In the current metal working industry, the use of indexable inserts instead of solid tools has become a mainstream trend to improve economy. In the fields of automobiles, aviation, molds, energy sources and the like, a large machining allowance is usually reserved for ensuring the dimensional accuracy and the machining stability of parts. In order to facilitate subsequent finish machining, the redundant metal material needs to be removed by a high-efficiency and high-economical cutter.

In the efficient metal removal process, the tool is subject to higher load, which is prone to the problems of breakage and excessive wear. The market for tool life, economy, and efficient cutting tools is therefore becoming more and more pressing.
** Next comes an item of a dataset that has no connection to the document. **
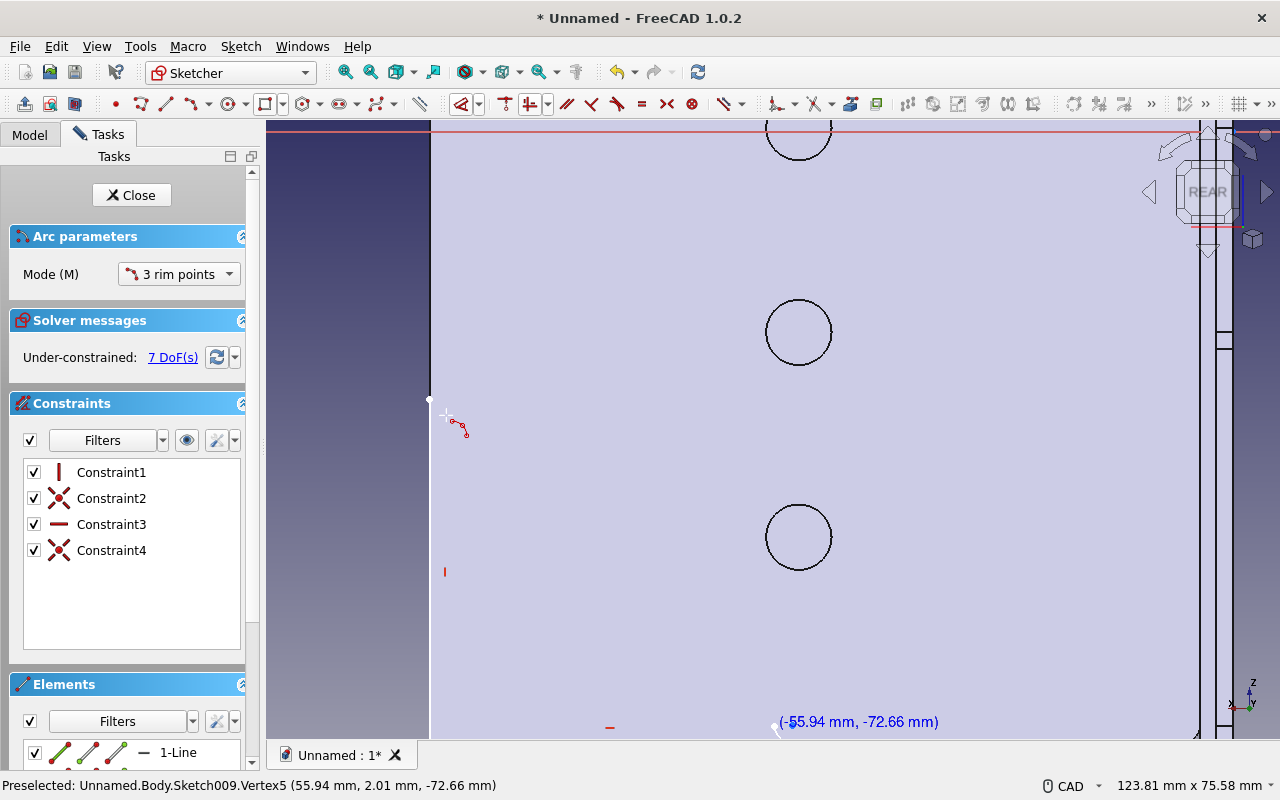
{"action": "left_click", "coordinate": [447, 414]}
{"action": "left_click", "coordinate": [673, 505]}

SUMMERY OF THE UTILITY MODEL

The utility model discloses an above-mentioned defect among the prior art is overcome to main aim at, provides a high economic nature efficient milling cutter piece, and the horizontal side of this milling cutter piece is the concatenation of the straight face of multistage and arc surface, even has so that main cutting edge adopts the sharp mode of circular arc transition, can improve the efficiency when low depth of cut and the stability when big depth of cut.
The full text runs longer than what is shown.